What this task involves
Your response should contain only the lines running from the top of the data below through the line with "for name, color, linetype, lineweight", both included. Pictures must be omitted.

Stored records
^^^^

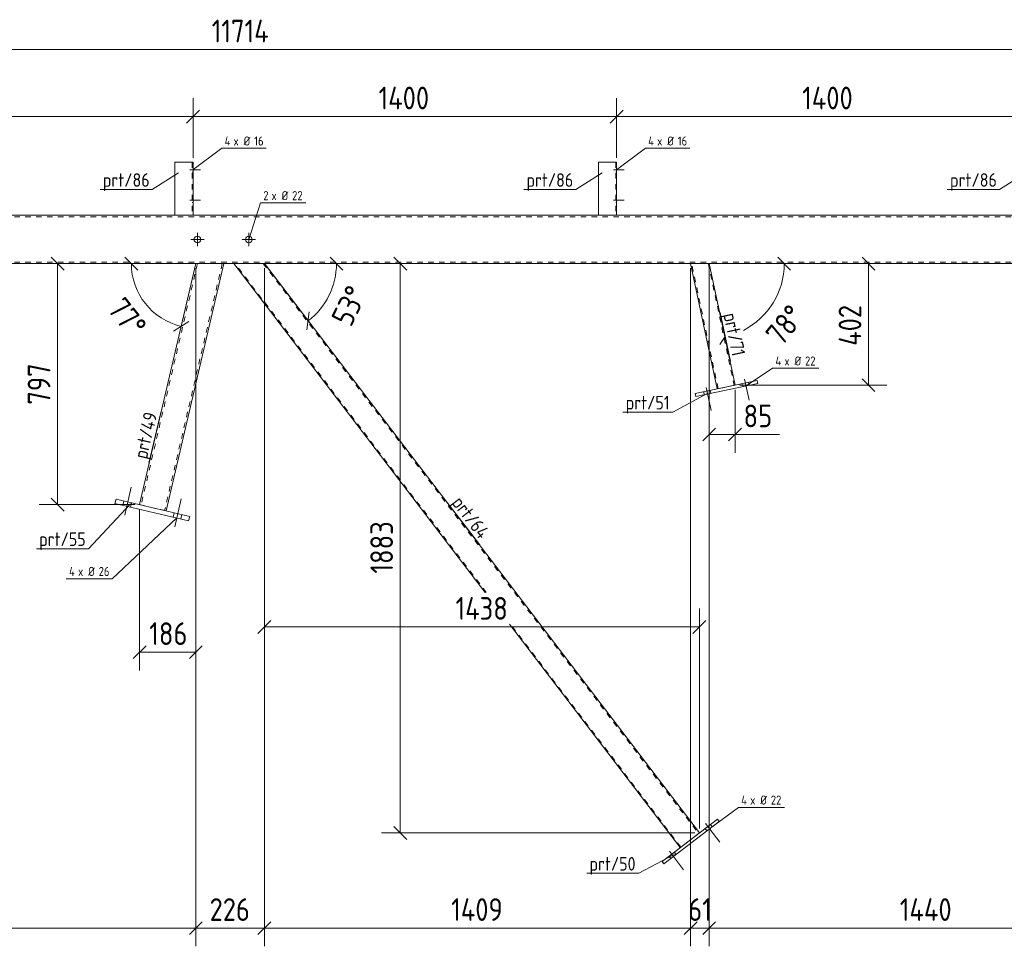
# Model space of a CAD drawing. Header units: millimetres. Extents: x 1 to 1188, y 1 to 840.
# Tile 4 of 7: x 573 to 790, y 313 to 517. Entities that reach past the tile are written whole.
import ezdxf

# ---------------------------------------------------------------- set-up
doc = ezdxf.new("R2010")
doc.units = ezdxf.units.MM
doc.header["$LTSCALE"] = 0.6
doc.linetypes.add('XKITLINE00', pattern=[0])
doc.linetypes.add('XKITLINE02', pattern=[4, 2, -2])
for name, color, linetype, lineweight in [('Bolt', 7, 'Continuous', 0), ('BoltMark', 3, 'Continuous', 0), ('Part', 2, 'Continuous', 0), ('PartMark', 3, 'Continuous', 0), ('Z-DIMENSIONS', 1, 'Continuous', 0)]:
    doc.layers.add(name, color=color, linetype=linetype, lineweight=lineweight)
doc.styles.add('ISOCPEUR', font='ISOCPEUR.TTF')

msp = doc.modelspace()

# ---------------------------------------------------------------- linework, layer by layer
at = {"layer": 'Bolt', "color": 3, "linetype": 'XKITLINE00', "lineweight": 0}
for p, q in [((610.79, 484.32), (613.15, 484.32)), ((610.79, 484.32), (613.15, 484.32)), ((611.29, 484.85), (611.49, 484.85)), ((611.29, 484.85), (611.49, 484.85)), ((704.12, 484.32), (706.49, 484.32)), ((704.12, 484.32), (706.49, 484.32)), ((704.62, 484.85), (704.82, 484.85)), ((704.62, 484.85), (704.82, 484.85)), ((611.29, 483.79), (611.49, 483.79)), ((611.29, 483.79), (611.49, 483.79)), ((704.62, 483.79), (704.82, 483.79)), ((704.62, 483.79), (704.82, 483.79)), ((610.79, 477.65), (613.15, 477.65)), ((610.79, 477.65), (613.15, 477.65)), ((611.29, 478.19), (611.49, 478.19)), ((611.29, 478.19), (611.49, 478.19)), ((704.12, 477.65), (706.49, 477.65)), ((704.12, 477.65), (706.49, 477.65)), ((704.62, 478.19), (704.82, 478.19)), ((704.62, 478.19), (704.82, 478.19)), ((611.29, 477.12), (611.49, 477.12)), ((611.29, 477.12), (611.49, 477.12)), ((704.62, 477.12), (704.82, 477.12)), ((704.62, 477.12), (704.82, 477.12)), ((613.9, 468.98), (610.97, 468.98)), ((612.44, 467.51), (612.44, 470.45)), ((625.24, 468.98), (622.3, 468.98)), ((623.77, 467.51), (623.77, 470.45)), ((724.54, 436.35), (725.61, 431.3)), ((724.54, 436.35), (725.61, 431.3)), ((732.47, 437.18), (732.61, 436.53)), ((732.47, 437.18), (732.61, 436.53)), ((733.02, 438.15), (733.99, 433.57)), ((733.02, 438.15), (733.99, 433.57)), ((733.91, 437.49), (734.05, 436.84)), ((733.91, 437.49), (734.05, 436.84)), ((724, 435.38), (724.13, 434.73)), ((724, 435.38), (724.13, 434.73)), ((725.43, 435.69), (725.57, 435.03)), ((725.43, 435.69), (725.57, 435.03)), ((596.42, 408.19), (597.86, 414.36)), ((596.42, 408.19), (597.86, 414.36)), ((596.03, 410.34), (596.26, 411.31)), ((596.03, 410.34), (596.26, 411.31)), ((597.72, 409.94), (597.95, 410.92)), ((597.72, 409.94), (597.95, 410.92)), ((607.46, 405.62), (608.9, 411.79)), ((607.46, 405.62), (608.9, 411.79)), ((607.07, 407.76), (607.3, 408.74)), ((607.07, 407.76), (607.3, 408.74)), ((608.76, 407.37), (608.99, 408.34)), ((608.76, 407.37), (608.99, 408.34)), ((724.31, 339.1), (724.71, 338.57)), ((724.31, 339.1), (724.71, 338.57)), ((724.38, 340.21), (727.52, 336.1)), ((724.38, 340.21), (727.52, 336.1)), ((725.47, 339.99), (725.88, 339.46)), ((725.47, 339.99), (725.88, 339.46)), ((716.44, 334.14), (719.57, 330.03)), ((716.44, 334.14), (719.57, 330.03)), ((716.36, 333.03), (716.76, 332.5)), ((716.36, 333.03), (716.76, 332.5)), ((717.52, 333.92), (717.93, 333.39)), ((717.52, 333.92), (717.93, 333.39))]:
    msp.add_line(p, q, dxfattribs=at)
for centre in [(612.44, 468.98), (623.77, 468.98)]:
    msp.add_circle(centre, 0.733, dxfattribs=at)
at = {"layer": 'BoltMark', "color": 4, "linetype": 'XKITLINE00', "lineweight": 0}
for p, q in [((611.45, 484.32), (617.82, 489.08)), ((617.82, 489.08), (627.61, 489.08)), ((704.79, 484.32), (711.15, 489.08)), ((711.15, 489.08), (720.94, 489.08)), ((623.77, 468.98), (626.36, 477.04)), ((626.36, 477.04), (636.32, 477.04)), ((733.33, 436.68), (739.19, 440.58)), ((739.19, 440.58), (749.33, 440.58)), ((607.91, 407.57), (593.68, 394.18)), ((583.55, 394.18), (593.68, 394.18)), ((725.29, 339.02), (731.66, 343.78)), ((731.66, 343.78), (741.79, 343.78))]:
    msp.add_line(p, q, dxfattribs=at)
at = {"layer": 'Part', "color": 2, "linetype": 'XKITLINE00', "lineweight": 0}
for p, q in [((611.49, 485.99), (607.49, 485.99)), ((607.49, 485.99), (607.49, 474.32)), ((611.49, 474.32), (611.49, 485.99)), ((704.82, 485.99), (700.82, 485.99)), ((700.82, 485.99), (700.82, 474.32)), ((704.82, 474.32), (704.82, 485.99)), ((1012.51, 474.32), (314.19, 474.32)), ((1012.51, 463.66), (249.24, 463.66)), ((599.7, 410.51), (612.1, 463.66)), ((618.26, 463.66), (605.55, 409.15)), ((675.85, 391.14), (620.48, 463.66)), ((723.04, 338.13), (627.19, 463.66)), ((727, 436.02), (721.12, 463.66)), ((730.91, 436.85), (725.21, 463.66)), ((735.8, 437.89), (722.11, 434.98)), ((735.94, 437.24), (722.24, 434.33)), ((735.94, 437.24), (735.8, 437.89)), ((722.11, 434.98), (722.24, 434.33)), ((594.28, 410.75), (594.51, 411.72)), ((610.51, 406.96), (594.28, 410.75)), ((610.74, 407.93), (594.51, 411.72)), ((610.74, 407.93), (610.51, 406.96)), ((718.8, 334.89), (681.19, 384.14)), ((714.82, 331.86), (727.01, 341.16)), ((727.41, 340.63), (715.23, 331.33)), ((727.01, 341.16), (727.41, 340.63)), ((715.23, 331.33), (714.82, 331.86))]:
    msp.add_line(p, q, dxfattribs=at)
at = {"layer": 'Part', "color": 7, "linetype": 'XKITLINE02', "lineweight": 0}
for p, q in [((611.29, 485.99), (611.29, 474.32)), ((704.62, 485.99), (704.62, 474.32)), ((1012.51, 473.99), (314.19, 473.99)), ((607.49, 474.32), (611.49, 474.32)), ((607.49, 474.32), (607.49, 474.32)), ((607.49, 474.32), (607.49, 474.32)), ((607.49, 474.32), (607.49, 474.32)), ((607.49, 474.32), (607.49, 474.32)), ((611.49, 474.32), (611.49, 474.32)), ((611.49, 474.32), (611.49, 474.32)), ((700.82, 474.32), (704.82, 474.32)), ((700.82, 474.32), (700.82, 474.32)), ((700.82, 474.32), (700.82, 474.32)), ((700.82, 474.32), (700.82, 474.32)), ((700.82, 474.32), (700.82, 474.32)), ((704.82, 474.32), (704.82, 474.32)), ((704.82, 474.32), (704.82, 474.32)), ((1012.51, 463.99), (233.75, 463.99)), ((612.45, 463.66), (600.03, 410.43)), ((617.92, 463.66), (605.22, 409.22)), ((612.1, 463.66), (618.26, 463.66)), ((627.19, 463.66), (620.48, 463.66)), ((676.1, 391.14), (620.73, 463.66)), ((626.94, 463.66), (722.88, 338.01)), ((725.21, 463.66), (721.12, 463.66)), ((727.19, 436.06), (721.33, 463.66)), ((725.01, 463.66), (730.71, 436.81)), ((730.91, 436.85), (727, 436.02)), ((605.55, 409.15), (599.7, 410.51)), ((718.96, 335.01), (681.44, 384.14)), ((723.04, 338.13), (718.8, 334.89))]:
    msp.add_line(p, q, dxfattribs=at)
at = {"layer": 'PartMark', "color": 7, "linetype": 'XKITLINE00', "lineweight": 0}
for p, q in [((608.31, 483.63), (602.51, 479.98)), ((701.64, 483.63), (695.84, 479.98)), ((794.97, 483.63), (789.18, 479.98)), ((591, 479.98), (602.51, 479.98)), ((684.33, 479.98), (695.84, 479.98)), ((777.67, 479.98), (789.18, 479.98)), ((727.6, 452.91), (729.88, 442.15)), ((724.94, 435.07), (717.21, 430.9)), ((601.74, 419.69), (604.42, 431.15)), ((706.21, 430.9), (717.21, 430.9)), ((597.68, 410.72), (588.48, 400.8)), ((667.5, 411.02), (674.65, 401.67)), ((576.97, 400.8), (588.48, 400.8)), ((717.47, 333.4), (709.74, 329.23)), ((698.23, 329.23), (709.74, 329.23))]:
    msp.add_line(p, q, dxfattribs=at)
at = {"layer": 'Z-DIMENSIONS', "color": 7, "linetype": 'XKITLINE00', "lineweight": 0}
for p, q in [((231.55, 510.83), (1012.51, 510.83)), ((611.49, 486.99), (611.49, 500.16)), ((611.49, 486.99), (611.49, 500.16)), ((704.82, 486.99), (704.82, 500.16)), ((704.82, 486.99), (704.82, 500.16)), ((612.9, 497.48), (610.07, 494.65)), ((612.9, 497.48), (610.07, 494.65)), ((706.24, 497.48), (703.41, 494.65)), ((706.24, 497.48), (703.41, 494.65)), ((518.15, 496.06), (611.49, 496.06)), ((611.49, 496.06), (704.82, 496.06)), ((704.82, 496.06), (798.15, 496.06)), ((580.24, 465.07), (583.06, 462.24)), ((596.48, 465.07), (599.3, 462.24)), ((644.5, 462.24), (641.67, 465.07)), ((655.73, 465.07), (658.56, 462.24)), ((743.15, 462.24), (740.32, 465.07)), ((758.92, 465.07), (761.74, 462.24)), ((587.75, 463.66), (577.55, 463.66)), ((581.65, 410.51), (581.65, 463.66)), ((611.1, 463.66), (597.89, 463.66)), ((597.89, 463.66), (612.1, 463.66)), ((608.87, 449.82), (612.1, 463.66)), ((612.1, 462.66), (612.1, 313.14)), ((612.1, 462.66), (612.1, 313.14)), ((612.1, 462.66), (612.1, 373.97)), ((643.08, 463.66), (627.19, 463.66)), ((636.83, 451.02), (627.19, 463.66)), ((627.19, 462.66), (627.19, 313.14)), ((627.19, 462.66), (627.19, 313.14)), ((627.19, 462.66), (627.19, 379.54)), ((627.8, 462.86), (636.83, 451.02)), ((662.99, 463.66), (653.04, 463.66)), ((657.14, 338.13), (657.14, 463.66)), ((721.12, 462.66), (721.12, 324.74)), ((721.12, 462.66), (721.12, 313.14)), ((741.74, 463.66), (725.21, 463.66)), ((728.65, 447.49), (725.21, 463.66)), ((725.21, 462.66), (725.21, 313.14)), ((725.21, 462.66), (725.21, 324.74)), ((725.21, 462.66), (725.21, 421.97)), ((726.21, 463.66), (741.74, 463.66)), ((752.32, 463.66), (764.33, 463.66)), ((760.33, 436.85), (760.33, 463.66)), ((636.57, 449.04), (637.1, 453.01)), ((607.17, 448.76), (610.57, 450.87)), ((727.56, 445.81), (728.72, 447.61)), ((758.92, 438.27), (761.74, 435.44)), ((731.91, 436.85), (764.33, 436.85)), ((730.91, 435.85), (730.91, 421.97)), ((726.62, 427.39), (723.8, 424.56)), ((725.21, 425.97), (730.91, 425.97)), ((732.32, 427.39), (729.49, 424.56)), ((730.91, 425.97), (740.67, 425.97)), ((730.91, 425.97), (740.67, 425.97)), ((598.7, 410.51), (577.55, 410.51)), ((580.24, 411.92), (583.06, 409.1)), ((599.7, 409.51), (599.7, 373.97)), ((723.04, 339.13), (723.04, 387.64)), ((628.6, 384.95), (625.77, 382.13)), ((724.45, 384.95), (721.62, 382.13)), ((627.19, 383.54), (723.04, 383.54)), ((601.12, 379.39), (598.29, 376.56)), ((599.7, 377.97), (612.1, 377.97)), ((613.52, 379.39), (610.69, 376.56)), ((655.73, 339.54), (658.56, 336.72)), ((722.04, 338.13), (653.04, 338.13)), ((517.34, 317.14), (612.1, 317.14)), ((613.52, 318.55), (610.69, 315.72)), ((613.52, 318.55), (610.69, 315.72)), ((612.1, 317.14), (627.19, 317.14)), ((628.6, 318.55), (625.77, 315.72)), ((628.6, 318.55), (625.77, 315.72)), ((627.19, 317.14), (721.12, 317.14)), ((722.54, 318.55), (719.71, 315.72)), ((721.72, 317.74), (719.71, 315.72)), ((721.12, 317.74), (721.12, 313.14)), ((721.12, 317.14), (725.21, 317.14)), ((726.62, 318.55), (723.8, 315.72)), ((725.81, 317.74), (723.8, 315.72)), ((725.21, 317.74), (725.21, 313.14)), ((725.21, 317.14), (821.22, 317.14))]:
    msp.add_line(p, q, dxfattribs=at)
for centre, radius, start, end in [((612.1, 463.66), 14.21, 180, 256.866), ((627.19, 463.66), 15.89, 307.3636, 360), ((725.21, 463.66), 16.53, 297.0808, 360), ((725.21, 463.66), 16.53, 281.9996, 282.3463)]:
    msp.add_arc(centre, radius, start, end, dxfattribs=at)
at = {"layer": 'Z-DIMENSIONS', "color": 3}
for p in [(611.49, 496.06), (611.49, 496.06), (704.82, 496.06), (704.82, 496.06), (581.65, 463.66), (657.14, 463.66), (760.33, 463.66), (760.33, 436.85), (725.21, 425.97), (730.91, 425.97), (581.65, 410.51), (627.19, 383.54), (723.04, 383.54), (599.7, 377.97), (612.1, 377.97), (657.14, 338.13), (612.1, 317.14), (612.1, 317.14), (627.19, 317.14), (627.19, 317.14), (721.12, 317.14), (721.12, 317.14), (725.21, 317.14), (725.21, 317.14)]:
    msp.add_point(p, dxfattribs=at)
at = {"layer": 'Z-DIMENSIONS', "color": 7}
for p in [(597.89, 463.66), (643.08, 463.66), (741.74, 463.66), (608.87, 449.82), (636.83, 451.02), (728.65, 447.49)]:
    msp.add_point(p, dxfattribs=at)

# ---------------------------------------------------------------- texts
at = {"layer": 'BoltMark', "color": 4, "style": 'ISOCPEUR', "width": 0.85}
for s, p in [('4', (618.42, 489.68)), ('x Ø', (620.39, 489.68)), ('16', (624.95, 489.68)), ('4', (711.75, 489.68)), ('x Ø', (713.73, 489.68)), ('16', (718.28, 489.68)), ('2', (626.96, 477.64)), ('x Ø', (628.76, 477.64)), ('22', (633.31, 477.64)), ('4', (739.79, 441.18)), ('x Ø', (741.77, 441.18)), ('22', (746.32, 441.18)), ('4', (584.15, 394.78)), ('x Ø', (586.13, 394.78)), ('26', (590.68, 394.78)), ('4', (732.26, 344.38)), ('x Ø', (734.23, 344.38)), ('22', (738.79, 344.38))]:
    msp.add_text(s, height=2, dxfattribs=at).set_placement(p)
at = {"layer": 'PartMark', "color": 3, "style": 'ISOCPEUR', "width": 0.85}
for s, p in [('prt/86', (591.6, 480.58)), ('prt/86', (684.93, 480.58)), ('prt/86', (778.27, 480.58)), ('prt/51', (706.81, 431.5)), ('prt/55', (577.57, 401.4)), ('prt/50', (698.83, 329.83))]:
    msp.add_text(s, height=3, dxfattribs=at).set_placement(p)
for s, rotation, p in [('prt/71', -78.0025, (728.31, 452.45)), ('prt/49', 76.868, (601.29, 420.41)), ('prt/64', -52.6376, (668.35, 410.91))]:
    msp.add_text(s, height=3, rotation=rotation, dxfattribs=at).set_placement(p)
at = {"layer": 'Z-DIMENSIONS', "color": 3, "style": 'ISOCPEUR', "width": 0.85}
for s, p in [('11714', (615.59, 512.43)), ('1400', (652.35, 497.66)), ('1400', (745.69, 497.66)), ('85', (732.78, 427.57)), ('1438', (669.31, 385.14)), ('186', (601.82, 379.57)), ('226', (615.13, 318.74)), ('1409', (668.35, 318.74)), ('61', (720.59, 318.74)), ('1440', (767.2, 318.74))]:
    msp.add_text(s, height=5, dxfattribs=at).set_placement(p)
for s, rotation, p in [('53°', 63.6843, (646.25, 449.43)), ('77°', -51.5662, (592.42, 453.53)), ('78°', 50.999, (741.18, 445.2)), ('402', 90.0002, (758.73, 445.53)), ('797', 90.0002, (580.05, 432.57)), ('1883', 90.0002, (655.54, 395.31))]:
    msp.add_text(s, height=5, rotation=rotation, dxfattribs=at).set_placement(p)

doc.saveas('drawing.dxf')

^^^^

Response to this task
# Model space of a CAD drawing. Header units: millimetres. Extents: x 1 to 1188, y 1 to 840.
# Tile 4 of 7: x 573 to 790, y 313 to 517. Entities that reach past the tile are written whole.
import ezdxf

# ---------------------------------------------------------------- set-up
doc = ezdxf.new("R2010")
doc.units = ezdxf.units.MM
doc.header["$LTSCALE"] = 0.6
doc.linetypes.add('XKITLINE00', pattern=[0])
doc.linetypes.add('XKITLINE02', pattern=[4, 2, -2])
for name, color, linetype, lineweight in [('Bolt', 7, 'Continuous', 0), ('BoltMark', 3, 'Continuous', 0), ('Part', 2, 'Continuous', 0), ('PartMark', 3, 'Continuous', 0), ('Z-DIMENSIONS', 1, 'Continuous', 0)]:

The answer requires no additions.